Growth Continues as Telstra Transitions - Company Financial Information

Cambridge Telcom Report, March 13, 2000

Telstra Wednesday announced its results for the six months ended 31 December 1999, declaring a profit after tax and minorities of A$2.1 billion.

This is a 15.6 percent increase on the previous corresponding period -- and a half-yearly profit record for Telstra. The profit benefited from some one-off items. Earnings before Interest and Tax increased to A$3,307 million, at 9.3 percent -- the solid single digit growth previously foreshadowed.

The results show strong revenue growth, driven largely by Telstra's new age businesses -- chiefly mobiles, data, text and Internet. For the first time, revenue from non-traditional businesses reached 50 percent of total revenue.

For Telstra's 2.1 million shareholders and instalment receipt holders, earnings per share are up, from 14.1 to 16.3 cents per share and the Board has declared a dividend of eight cents, partially franked to approximately 49 percent.

Telstra also announced - -- A major program to capture further cost reductions. The overall impact of this program will be a reduction in expenses of about A$650 million per annum, most of which will occur in the next fiscal year. It is anticipated that this program, together with other initiatives, will lead to an overall reduction in staff numbers of around 10,000 over the next two years as well as up to 220 senior management positions which is about 22% of total executives.

-- Plans to deliver broadband services to 90 percent of the Australian population over two years. Telstra will deploy ADSL (Asymmetric Digital Subscriber Line) technology, which transforms ordinary copper phone lines into high-speed digital lines, to complement our existing delivery of broadband by cable and satellite.

-- The appointment of independent advisers to assess the options for sale of Telstra's major construction unit, Network Design and Construction Limited.

-- A review of the structure of our businesses and integrated organisation to ensure the best business architectures for Telstra in this modern era.

Telstra's Chief Executive Officer, Dr. Ziggy Switkowski, said the results were essentially demonstrating two things.

"First, despite intense domestic competitive pressures, Telstra continues to grow its revenue and secondly, the transition of Telstra from a phone company to a 21st century electronic information services company, with a growing focus on the businesses of the new economy, is succeeding.
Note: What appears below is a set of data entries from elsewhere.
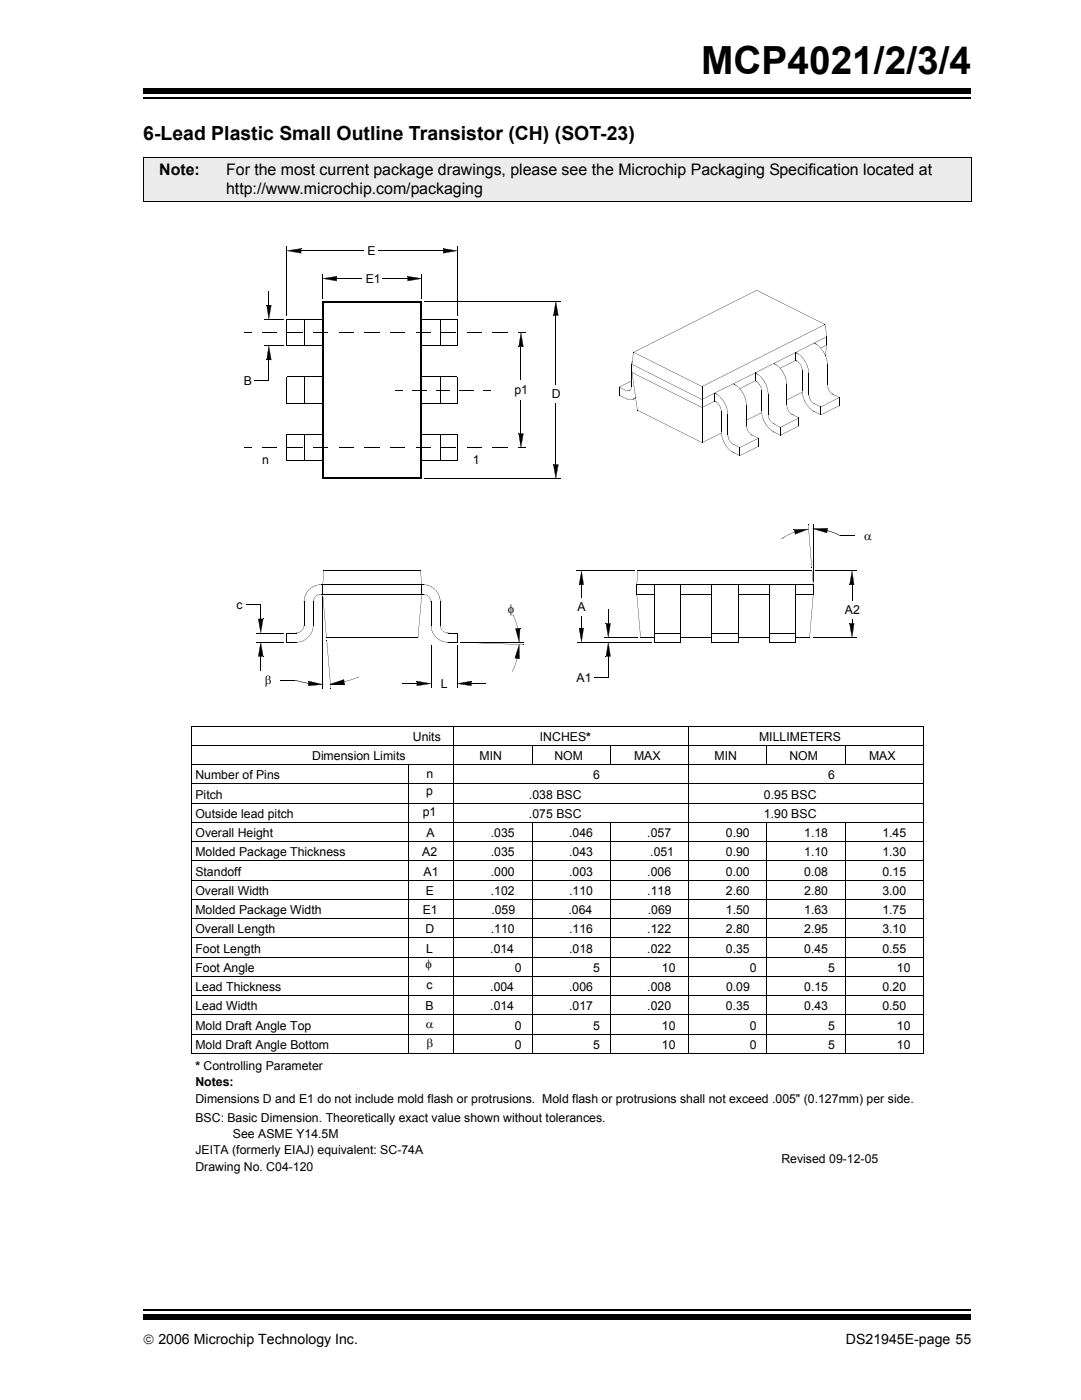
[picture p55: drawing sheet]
<svg xmlns="http://www.w3.org/2000/svg" width="216mm" height="279mm" viewBox="0 0 216 279" stroke-linecap="round" stroke-linejoin="round" font-family="sans-serif">
<defs><g id="words">
<text font-size="7.7" x="139.8" y="14.7">MCP4021/2/3/4</text>
<text font-size="3.9" x="28.6" y="28">6-Lead Plastic Small Outline Transistor (CH) (SOT-23)</text>
<g font-size="3.2">
<text x="31.7" y="34.9">Note:</text>
<text x="45.1" y="34.9">For the most current package drawings, please see the Microchip Packaging Specification located at</text>
<text x="45.1" y="38.8">http://www.microchip.com/packaging</text>
</g>
<g font-size="2.8">
<text x="28.6" y="268.1">© 2006 Microchip Technology Inc.</text>
<text x="168.7" y="268.1">DS21945E-page 55</text>
</g>
<g font-size="2.5">
<text x="73.3" y="50.9">E</text>
<text x="72.9" y="56.5">E1</text>
<text x="48.6" y="76.8">B</text>
<text x="102.6" y="78.7">p1</text>
<text x="110" y="79.4">D</text>
<text x="52.3" y="92.6">n</text>
<text x="94.3" y="92.6">1</text>
<text x="172.3" y="107.8">α</text>
<text x="47.2" y="121.5">c</text>
<text x="101.3" y="122.4">φ</text>
<text x="115.1" y="122">A</text>
<text x="168.5" y="122.5">A2</text>
<text x="52.8" y="136.5">β</text>
<text x="87.9" y="137.2">L</text>
<text x="115" y="136.1">A1</text>
<text x="82.3" y="147.8">Units</text>
<text x="107.6" y="147.8">INCHES*</text>
<text x="151.4" y="147.8">MILLIMETERS</text>
<text x="39" y="155.5">Number of Pins</text>
<text x="62.2" y="151.7">Dimension Limits</text>
<text x="85" y="155.2">n</text>
<text x="95.6" y="151.7">MIN</text>
<text x="110.6" y="151.7">NOM</text>
<text x="118.3" y="155.5">6</text>
<text x="126.4" y="151.7">MAX</text>
<text x="142.5" y="151.7">MIN</text>
<text x="157.4" y="151.7">NOM</text>
<text x="165.1" y="155.5">6</text>
<text x="173.3" y="151.7">MAX</text>
<text x="39" y="159.4">Pitch</text>
<text x="85" y="158.7">p</text>
<text x="105.5" y="159.4">.038 BSC</text>
<text x="152.3" y="159.4">0.95 BSC</text>
<text x="39" y="163.2">Outside lead pitch</text>
<text x="39" y="167">Overall Height</text>
<text x="84.3" y="162.9">p1</text>
<text x="85.1" y="167">A</text>
<text x="97.9" y="167">.035</text>
<text x="105.5" y="163.2">.075 BSC</text>
<text x="113.5" y="167">.046</text>
<text x="129.1" y="167">.057</text>
<text x="144.7" y="167">0.90</text>
<text x="152.3" y="163.2">1.90 BSC</text>
<text x="160.3" y="167">1.18</text>
<text x="175.9" y="167">1.45</text>
<text x="39" y="170.9">Molded Package Thickness</text>
<text x="84.2" y="170.9">A2</text>
<text x="97.9" y="170.9">.035</text>
<text x="113.5" y="170.9">.043</text>
<text x="129.7" y="170.9">.051</text>
<text x="144.7" y="170.9">0.90</text>
<text x="160.3" y="170.9">1.10</text>
<text x="175.9" y="170.9">1.30</text>
<text x="39" y="178.6">Overall Width</text>
<text x="39" y="174.8">Standoff</text>
<text x="84.5" y="174.8">A1</text>
<text x="84.9" y="178.6">E</text>
<text x="97.9" y="178.6">.102</text>
<text x="97.9" y="174.8">.000</text>
<text x="113.5" y="178.6">.110</text>
<text x="113.5" y="174.8">.003</text>
<text x="129.1" y="178.6">.118</text>
<text x="129.1" y="174.8">.006</text>
<text x="144.7" y="178.6">2.60</text>
<text x="144.7" y="174.8">0.00</text>
<text x="160.3" y="178.6">2.80</text>
<text x="160.3" y="174.8">0.08</text>
<text x="175.9" y="178.6">3.00</text>
<text x="175.9" y="174.8">0.15</text>
<text x="39" y="182.4">Molded Package Width</text>
<text x="84.3" y="182.4">E1</text>
<text x="98" y="182.4">.059</text>
<text x="113.4" y="182.4">.064</text>
<text x="129.2" y="182.4">.069</text>
<text x="144.7" y="182.4">1.50</text>
<text x="160.3" y="182.4">1.63</text>
<text x="175.9" y="182.4">1.75</text>
<text x="39" y="190.1">Foot Length</text>
<text x="39" y="186.3">Overall Length</text>
<text x="84.9" y="186.3">D</text>
<text x="85" y="190.1">L</text>
<text x="97.8" y="190.1">.014</text>
<text x="97.9" y="186.3">.110</text>
<text x="113.5" y="190.1">.018</text>
<text x="113.5" y="186.3">.116</text>
<text x="129.1" y="190.1">.022</text>
<text x="129.1" y="186.3">.122</text>
<text x="144.7" y="190.1">0.35</text>
<text x="144.7" y="186.3">2.80</text>
<text x="160.3" y="190.1">0.45</text>
<text x="160.3" y="186.3">2.95</text>
<text x="175.9" y="190.1">0.55</text>
<text x="175.9" y="186.3">3.10</text>
<text x="39" y="197.8">Lead Thickness</text>
<text x="39" y="193.9">Foot Angle</text>
<text x="84.9" y="193.3">φ</text>
<text x="85.1" y="197.4">c</text>
<text x="97.8" y="197.8">.004</text>
<text x="102.7" y="193.9">0</text>
<text x="113.5" y="197.8">.006</text>
<text x="118.3" y="193.9">5</text>
<text x="129.1" y="197.8">.008</text>
<text x="132" y="193.9">10</text>
<text x="144.8" y="197.8">0.09</text>
<text x="149.5" y="193.9">0</text>
<text x="160.3" y="197.8">0.15</text>
<text x="165.1" y="193.9">5</text>
<text x="175.9" y="197.8">0.20</text>
<text x="178.8" y="193.9">10</text>
<text x="39" y="201.6">Lead Width</text>
<text x="84.9" y="201.6">B</text>
<text x="97.8" y="201.6">.014</text>
<text x="113.5" y="201.6">.017</text>
<text x="129.1" y="201.6">.020</text>
<text x="144.7" y="201.6">0.35</text>
<text x="160.3" y="201.6">0.43</text>
<text x="175.9" y="201.6">0.50</text>
<text x="39" y="209.3">Mold Draft Angle Bottom</text>
<text x="39" y="205.5">Mold Draft Angle Top</text>
<text x="84.9" y="205.1">α</text>
<text x="85.1" y="209">β</text>
<text x="102.7" y="205.5">0</text>
<text x="102.7" y="209.3">0</text>
<text x="118.3" y="205.5">5</text>
<text x="118.3" y="209.3">5</text>
<text x="132" y="205.5">10</text>
<text x="132" y="209.3">10</text>
<text x="149.5" y="205.5">0</text>
<text x="149.5" y="209.3">0</text>
<text x="165.1" y="205.5">5</text>
<text x="165.1" y="209.3">5</text>
<text x="178.8" y="205.5">10</text>
<text x="178.8" y="209.3">10</text>
<text x="39" y="213.5">* Controlling Parameter</text>
<text x="39" y="216.8">Notes:</text>
<text x="39" y="220.1">Dimensions D and E1 do not include mold flash or protrusions. Mold flash or protrusions shall not exceed .005&quot; (0.127mm) per side.</text>
<text x="39" y="223.8">BSC: Basic Dimension. Theoretically exact value shown without tolerances.</text>
<text x="46.4" y="227.2">See ASME Y14.5M</text>
<text x="39" y="230.4">JEITA (formerly EIAJ) equivalent: SC-74A</text>
<text x="39" y="233.7">Drawing No. C04-120</text>
<text x="155.8" y="232.1">Revised 09-12-05</text>
</g>
</g></defs>
<path d="M28.6 261.4h165.1" fill="none" stroke="#000" stroke-width=".36"/>
<path d="M28.6 262.4h165.1v1h-165.1z" fill="#000"/>
<path d="M28.6 17.3h165.1v5.4h-165.1z" fill="#fff"/>
<path d="M28.6 19.6h165.1" fill="none" stroke="#000" stroke-width=".36"/>
<path d="M28.6 17.7h165.1v1h-165.1z" fill="#000"/>
<path d="M28.6 31.4h165.1v8.8h-165.1z" fill="#ececec"/>
<g fill="none" stroke="#000" stroke-width=".2">
<path d="M28.5 31.4h165.3M28.6 31.5v8.6M193.7 31.5v8.6M28.5 40.2h165.3M53.6 58.1v2.8M57.2 49.1v14M60 50h12.5M64.4 54.6v5M67.1 55.6h5.1M75.3 50h13.1M76.2 55.6h5.1M84.1 54.6v5"/>
<path d="M91.2 49.1v14M50.8 76h2.8M52.3 66.4h2.9M52.7 63.7h3.9M52.7 69h3.9M53.6 71.8v4.2M57.2 63.7h7.2M57.2 69h7.2M57.2 63.7v5.3M57.4 66.4h2.9M60.6 63.7v5.3M60.6 75.2v5.3"/>
<path d="M62.5 66.4h2.9M64.3 60.1h19.8M64.4 60.1v35.4M64.4 75.2h-7.2v5.3M64.6 60.4l-.1 34.9h19.3v-34.9h-19.3M67.6 66.4h2.9M72.7 66.4h2.9M77.9 66.4h2.8M82.4 77.8h2.6M83 66.4h2.8M84.1 63.7h7.1M84.1 69h7.1"/>
<path d="M84.1 75.2h7.1v5.3M84.1 60.1v35.4M84.7 60.1h27.1M87 77.8h2.7M87.8 63.7v5.3M87.8 75.2v5.3M88.1 66.4h2.9M91.2 63.7v5.3M91.7 77.8h2.6M93.2 66.4h2.9M98.3 66.4h2.9M103.9 69.2v6.6"/>
<path d="M103.9 79.9v6.7M110.8 62.9v13.9M125.9 73v4.1M140 77.1v2.7M151.9 78v4M153.2 78.6v4.1M156.9 76.8v4.1M160 73.9v4.1M161.3 74.5v4.2M165 72.7v4.1M52.3 89.4h2.9M57.2 80.5h7.2"/>
<path d="M57.2 86.7h7.2M57.2 86.7v5.3h7.2M57.4 89.4h2.9M60.6 86.7v5.3M62.5 89.4h2.9M64.3 95.5h19.8M67.6 89.4h2.9M72.7 89.4h2.9M77.9 89.4h2.8M83 89.4h2.8M84.1 80.5h7.1M84.1 86.7h7.1"/>
<path d="M84.7 95.5h27.1M87.8 86.7v5.3M88.1 89.4h2.9M91.2 86.7v5.3h-7.1M93.2 89.4h2.9M98.3 89.4h2.9M110.8 80.4v12.3M140 81.3v7M143.8 82.1v4M145.1 82.7v4.1M148.8 80.9v4M64 116.7h20.4"/>
<path d="M64 118.6h20.4M64.4 119.1v18.4M64.5 113.9h19.3M115 113.9h11.6M116 116.7v2.6M126.9 116.7h35.3M126.9 118.6h3.7M127.1 113.9h34.8M130.5 116.6v11.6M135.7 118.6h6.2M135.8 116.6v11.6h-5.3M141.9 116.6v11.6h5.3v-11.6"/>
<path d="M147.2 118.6h6.2M153.4 116.6v11.6M158.3 105.6h2.9M158.6 118.6h3.6M158.6 116.6v11.6h-5.2M162.2 104.6v11.5M162.5 113.9h8.3M167.6 106.9h2.8M169.9 116.7v3.2M49.1 120.7h2.9M51 128.2h5.6M51 126.3h5.6"/>
<path d="M52 120.7v2.8M52 131v2.8M56 135.7h2.8M60.6 120.1v4.7M62.5 120.1v4.7M65.1 127.3h18.3M65.8 136.5h2.9M80.3 136.4h2.8M85.9 120.1v4.7M85.9 128.8v8.5M87.8 120.1v4.7M91.2 128.8v8.5"/>
<path d="M91.8 128.2h12.7M94 136.4h2.8M115 128.2h14.9M116 122.9v2.5M120.4 127.3h6.7M121.3 121.6v2.8M121.3 131v4.3h-2.8M127.7 127.3h2.9M130.5 126.3h5.3M135.7 127.3h6.2M141.9 126.3h5.3M147.2 127.3h6.2"/>
<path d="M153.4 126.3h5.2M158.6 127.3h2.8M162 127.3h8.8M38.1 145h146.1M38.1 148.8h146.1M38.1 152.6h146.1M38.1 156.5h146.1M38.1 144.9v65.3M81.5 152.6v57.6M90.4 144.9v65.3M106.1 148.8v3.8M121.7 148.8v3.8"/>
<path d="M137.3 144.9v65.3M152.9 148.8v3.8M168.5 148.8v3.8M184.2 144.9v65.3M38.1 160.3h146.1M38.1 164.2h146.1M38.1 168h146.1M38.1 171.8h146.1M38.1 175.7h146.1M38.1 179.5h146.1M106.1 164.1v46.1M121.7 164.1v46.1"/>
<path d="M152.9 164.1v46.1M168.5 164.1v46.1M38.1 183.3h146.1M38.1 187.2h146.1M38.1 191h146.1M38.1 194.9h146.1M38.1 198.7h146.1M38.1 202.6h146.1M38.1 206.4h146.1M38.1 210.3h146.1"/>
</g>
<g fill="#000">
<path d="M57.2 50l2.8-.4zM57.2 50l2.8 .5zM60 49.6l.1 1zM64.3 55.6l2.8-.5zM64.3 55.6l2.9 .4zM67.1 55.1l.1 1zM81.3 56l2.8-.4zM81.3 55.1v1zM81.3 55.1l2.8 .5zM88.4 50.5l2.8-.4zM88.3 49.6l.1 1zM88.4 49.6l2.8 .5z"/>
<path d="M150.9 57.9l13.6 6.9zM48.7 66.4h1.4zM53.2 60.9h.9zM53.2 71.8l.9 .1zM53.1 60.9l.5 2.8zM53.6 69l-.5 2.8zM53.6 69l.5 2.8zM54.1 60.9l-.5 2.8zM64.3 60.2l.2 .2zM78.9 77.8l1.4 .1zM83.8 60.4l.3-.2zM96.4 77.8l1.4 .1z"/>
<path d="M103.4 66.4h1.4zM103.4 69.2l1 .1zM103.8 66.4l-.4 2.8zM103.8 66.4l.5 2.8zM110.3 62.9l1.1 .1zM110.8 60.1l-.4 2.9zM110.8 60.1l.5 2.9zM123.4 77.2l.1 1.7zM123.5 77.2l1.3 .7zM123.5 78.8l1.3 .8zM124.8 77.9l.7 .1h-.3zM124.8 79.5l.8 .2 .7-.1a1.3 1.3 0 0 1-1.5-.1z"/>
<path d="M125.9 77.1a.63 .63 0 0 1-.5 .8l.4-.3zM123.4 77.2l2.5-1.2zM126 72.7v1.6zM126 72.7l14 7.1zM126 74.3l14 7.1zM126 74.3l1.1 7.6zM126 72l-.1 1.1zM126.3 79.6l.4-.3zM126.3 79.6l.4-.2zM126.3 70.3l24.6-12.4zM140 79.7l2.5-1.3zM126.3 70.3l13.7 6.9z"/>
<path d="M142.5 78.4l3.7-1.8zM142.5 78.4l.2 .2zM146.2 76.6l4.4-2.2zM146.2 76.6l.2 .2zM147.5 77.6l3.1-1.6zM150.5 74.4l.1 1.6zM150.6 74.4l3.7-1.9zM150.6 76l.2 .1zM150.6 74.4l.2 .2zM150.7 76.1h.1a2.02 2.02 0 0 1 1 1.9l-.1-.6a2.26 2.26 0 0 0-1-1.3zM150.8 74.5a4.7 4.7 0 0 1 2.3 4.2v-.6a5 5 0 0 0-1.9-3.3zM154.3 72.5l4.3-2.2z"/>
<path d="M154.3 72.5l.2 .2zM155.5 73.5l3.1-1.6zM154.5 72.6a4.8 4.8 0 0 1 2.3 4.2l-.1-1.2a5.2 5.2 0 0 0-1.8-2.7zM156.9 79.8l3.1-1.5zM158.6 70.3l.1 1.6zM158.6 70.3l3.7-1.9zM158.7 70.3l.2 .2zM158.7 71.9l.2 .2zM158.9 72.1a1.97 1.97 0 0 1 1 1.8v-.5a2.36 2.36 0 0 0-1-1.3zM159.9 78h.1a5 5 0 0 0 .7 2.4 4.6 4.6 0 0 0 1.6 1.7 4.6 4.6 0 0 1-2.4-4.1zM158.9 70.4a4.7 4.7 0 0 1 2.3 4.2l-.2-1.2a5.2 5.2 0 0 0-1.7-2.6zM161.2 78.7l.4 1.1 .7 .7a2.08 2.08 0 0 1-1.1-1.8z"/>
<path d="M162.3 68.4l2.6-1.2zM162.3 68.4l.2 .2zM163.6 69.4l1.3-.6zM140 77.1l24.5-12.4zM164.8 67.2l.1 1.7zM162.6 68.5a5.1 5.1 0 0 1 2.4 4.2l-.1-.6a5.3 5.3 0 0 0-1.9-3.2zM165 76.8l.3 1.1 .8 .7a1.73 1.73 0 0 1-1.1-1.8zM166.1 78.6l1.2 .8zM163.7 81.2l3.6-1.9zM48.7 89.3l1.4 .1zM64.3 95.5l.3-.2zM83.8 95.3l.3 .2z"/>
<path d="M103.4 89.3l1.4 .1zM103.4 86.5l1 .1zM103.4 86.5l.5 2.8zM104.3 86.5l-.4 2.9zM110.3 92.7h1.1zM110.3 92.7l.5 2.8zM111.3 92.7l-.5 2.8zM127.1 81.8l12.9 6.6zM140 79.7v1.6zM140 81.3l2.5-1.2zM140 88.3l3.8-1.9zM142.4 78.4l.1 1.7z"/>
<path d="M142.5 80.1l.2 .1zM142.7 80.2a2.07 2.07 0 0 1 1.1 1.9l-.3-1.1zM143.8 86.1l.2 1.2 .5 1.2 .8 1.1 .9 .7a4.6 4.6 0 0 1-2.4-4.2zM142.7 78.5a5.1 5.1 0 0 1 2.5 4.2l-.2-.6a5.3 5.3 0 0 0-1.8-3.2zM145.1 86.7l.3 1.2 .8 .7a1.55 1.55 0 0 1-1.1-1.4zM146.2 88.6l1.3 .7zM146.2 90.3l1.3 .7zM147.5 89.3v1.7zM147.5 90.9l3.7-1.9zM146.4 76.7a4.7 4.7 0 0 1 2.4 4.2l-.2-1.3a5 5 0 0 0-1.7-2.6zM148.8 83.8l3-1.5zM148.8 84.9l.4 1.1 .7 .8a2.39 2.39 0 0 1-1.1-1.9z"/>
<path d="M149.9 86.8l1.3 .7zM151.2 87.4l.1 1.7zM147.5 89.3l3.7-1.9zM151.8 82h.1a4.9 4.9 0 0 0 .7 2.5l.8 1 .9 .7a4.6 4.6 0 0 1-2.5-4.2zM153.1 82.7l.4 1.1 .8 .8a2.27 2.27 0 0 1-1.2-1.9zM154.3 86.2l1.3 .7zM154.3 84.6l1.3 .7zM155.6 85.3v1.6zM155.6 85.3l3.7-1.9zM156.8 80.8l.4 1.1 .7 .9a2.38 2.38 0 0 1-1.1-2zM158 82.7l1.3 .7zM159.3 83.4v1.6z"/>
<path d="M155.6 86.8l3.7-1.8zM162.3 80.5l1.4 .7zM162.3 82.1l1.4 .7zM163.7 81.2v1.6zM163.7 82.8l3.6-1.9zM167.3 79.3l.1 1.7zM62.7 119.2a1.34 1.34 0 0 1 1.3-.6l-.6 .1-.5 .3-.5 1.1zM61.6 117.7a3 3 0 0 1 2.4-1l-1.3 .3-1.1 .7-.7 1.1-.2 1.3a2.74 2.74 0 0 1 .9-2.4zM64.3 116.6l.1 2zM64.3 118.6l.8 8.7zM84.1 116.6v2zM84.1 118.6l-.8 8.7z"/>
<path d="M84.4 118.5a1.49 1.49 0 0 1 1.5 1.6l-.1-.6-.4-.5zM84.4 116.6a3.4 3.4 0 0 1 3.4 3.5l-.1-.7a3.5 3.5 0 0 0-1.4-2.1l-.6-.3zM115.5 116.7l.9 .1zM115.9 113.9l-.4 2.8zM115.9 113.9l.5 2.8zM126.9 116.6l.1 2zM126.9 118.6l.9 8.7zM158.3 105.7l.2 1zM155.9 107.4l2.5-1.2zM158.6 106.6l2.6-1zM161.1 104.6l.8 8.6zM162.1 116.6l.1 2z"/>
<path d="M162.2 105.5l2.7 .8zM162.1 118.6l-.7 8.7zM165 105.4l-.1 1zM162.2 105.5l2.8-.1zM164.9 105.9l1.4 .4 1.3 .7zM162.2 105.5a10.4 10.4 0 0 1 5.4 1.5 12.4 12.4 0 0 0-5.4-1.5zM169.4 116.7l.9 .1zM169.9 113.9l-.5 2.8zM169.9 113.9l.4 2.8zM52 128.2l-.5 2.8zM51.5 123.5l.5 2.8zM52.5 123.5l-.5 2.8z"/>
<path d="M52 128.2l.5 2.8zM51.5 131h1zM51.5 123.5h1zM57.2 126.3l1.9 .1zM57.2 128.1l1.9 .1zM57.2 126.3l.1 1.9zM58.8 135.7l2.7 .7 2.8 .2a13.6 13.6 0 0 1-5.5-.9zM58.8 135.7l2.8 .7zM59.1 126.3l.6-.1 .4-.4 .4-.5 .1-.5a1.46 1.46 0 0 1-1.5 1.5zM61.5 136.8l2.9-.2zM61.5 135.9v1zM59.1 128.1l1.3-.2 1-.8 .8-1 .2-1.3a3.3 3.3 0 0 1-3.3 3.3z"/>
<path d="M61.6 135.9l2.8 .7zM65.1 127.8l.9 9.7zM65.8 136.5l2.8-.8zM68.7 136l2.6-.8zM68.6 135.6l.1 .9zM83.1 136.8l2.9-.4zM83.1 135.9v1zM83.1 135.9l2.9 .5zM85.9 124.8l.6 1.8a3.4 3.4 0 0 0 2.2 1.5h.6a3.3 3.3 0 0 1-3.4-3.3zM87.8 124.8l.4 1 .6 .4 .5 .1a1.46 1.46 0 0 1-1.5-1.5zM89.3 126.3l1.9 .1zM89.3 128.1l1.9 .1z"/>
<path d="M91.1 126.3l.1 1.9zM91.2 136.4l2.8-.4zM91.8 128.1l12.7 .6zM91.2 136.4l2.8 .5zM94 135.9v1zM103.1 131.4l-.4 1.4-.6 1.2 .6-1.2zM102.7 131.3l.9 .2zM102.8 125.5l.7 2.7zM102.3 122.8l.6 1.2 .4 1.4zM103.5 128.6l.1 2.9zM103.5 128.6l-.8 2.7zM102.7 125.4l1-.1z"/>
<path d="M115.5 125.3h.9zM115.4 125.4l.5 2.8zM116.4 125.3l-.5 2.9zM120.8 124.4h1zM120.8 131h1zM120.8 124.4l.5 2.9zM121.3 128.2l-.5 2.8zM121.3 128.2l.5 2.8zM121.7 124.4l-.4 2.9zM169.4 124.4h.9zM169.9 123.5v.9zM169.4 124.4l.5 2.9z"/>
<path d="M170.3 124.4l-.4 2.9z"/>
</g>
<g fill="#000">
<path d="M57.2 50l2.8-.4v.9zM64.3 55.6l2.8-.5v1zM81.3 55.1l2.8 .5-2.8 .5zM88.4 49.6l2.8 .4-2.8 .5zM53.2 60.9h.9l-.5 2.8zM53.6 69l.5 2.8h-.9zM103.9 66.4l.5 2.8h-1zM110.8 60.1l.5 2.8h-1zM103.4 86.5h1l-.5 2.8zM110.3 92.7h1l-.5 2.8zM116 113.9l.4 2.8h-.9zM158.3 105.7l2.9-.1-2.6 1z"/>
<path d="M162.2 105.5l2.8-.1-.1 .9zM169.9 113.9l.4 2.8h-.9zM52 128.2l.5 2.8h-1zM51.5 123.5h1l-.5 2.8zM61.5 135.9l2.8 .7-2.8 .3zM65.8 136.5l2.8-.9 .1 .9zM83.1 135.9l2.8 .5-2.8 .5zM91.2 136.4l2.8-.5v1zM103.5 128.6l.1 2.9-.9-.2zM102.8 125.5l.9-.2-.2 2.9zM115.5 125.3h.9l-.4 2.9zM120.8 124.4h.9l-.4 2.9z"/>
<path d="M121.3 128.2l.4 2.8h-.9zM169.4 124.4h.9l-.4 2.9z"/>
</g>
<path d="M84 113.9v2.8M162 113.9v2.8" fill="none" stroke="#000" stroke-width=".34"/>
<path d="M64.5 113.9v2.8M127.1 113.9v2.8" fill="none" stroke="#000" stroke-width=".28"/>
<path d="M103.6 125.3v2.9" fill="none" stroke="#000" stroke-width=".23"/>
<path d="M126.2 70.3v2.4M164.7 68.8v2.1" fill="none" stroke="#000" stroke-width=".38"/>
<path d="M164.7 64.7v2.5" fill="none" stroke="#000" stroke-width=".44"/>
<use href="#words"/>
</svg>

In fact, it is accelerating," he said.

"Six years ago, less than a quarter of Telstra's revenues came from non-traditional products and services. Now that figure is about half. That part of our business will likely continue to grow at double-digit rates although the underlying volume growth more closely follows the doubling of Internet traffic every five months with the escalating activity around e-commerce by Australian companies."

Data, text and Internet services, representing 14 percent of total revenues, grew by A$171 million, or 14.2 percent, reflecting the strong demand for high capacity data transmission and the escalating use of the Internet.

Telstra will grow these revenues with a number of initiatives. These include the plans for the ADSL rollout and also the recent changes to the price structures of our cable modem broadband access service, which now make it extremely attractive.

Mobile revenues are now more than 15 percent of our total revenues and grew yet again at more than 17 percent, due to both call time and handset sales for the digital GSM network, however, margins continue to be under pressure. Telstra remains the market leader in mobile services in operation, with around 50 percent, and has the lowest churn rate in the market, running at just over one percent per month.

Telstra expects take-up of the CDMA network to be strong, and has brought forward some of the capital expenditure on CDMA to increase coverage and rollout more quickly than originally planned.

Intercarrier or interconnect revenue grew by A$67 million or 21.3 percent, due to both originating and terminating calls on our fixed and mobile networks. More retail customers migrated to other carriers' networks resulting in increases in local call resale revenue.

International and national long distance call revenues are down, and local call revenue is flat.

International call revenue represents an important 5 percent of our total revenue even though it declined during the period by 19.2 percent or A$115 million.

Despite the introduction of fixed to mobile call preselection during the period, fixed-to-mobile revenues decreased only slightly, ie., by 1.1%. While market share and prices for fixed-to-mobile calling declined there is still strong growth in this market due to the continuing growth in the mobiles market.

"Our keenly priced response to the highly competitive fixed-to-fixed national long distance calls stimulated growth in use. Consequently, the effect of lower prices combined with higher minutes of use restricted our fall in fixed-to-fixed revenue to A$27 million or 3.6 percent. Value-added services such as call return and calling number display continued to exhibit strong growth."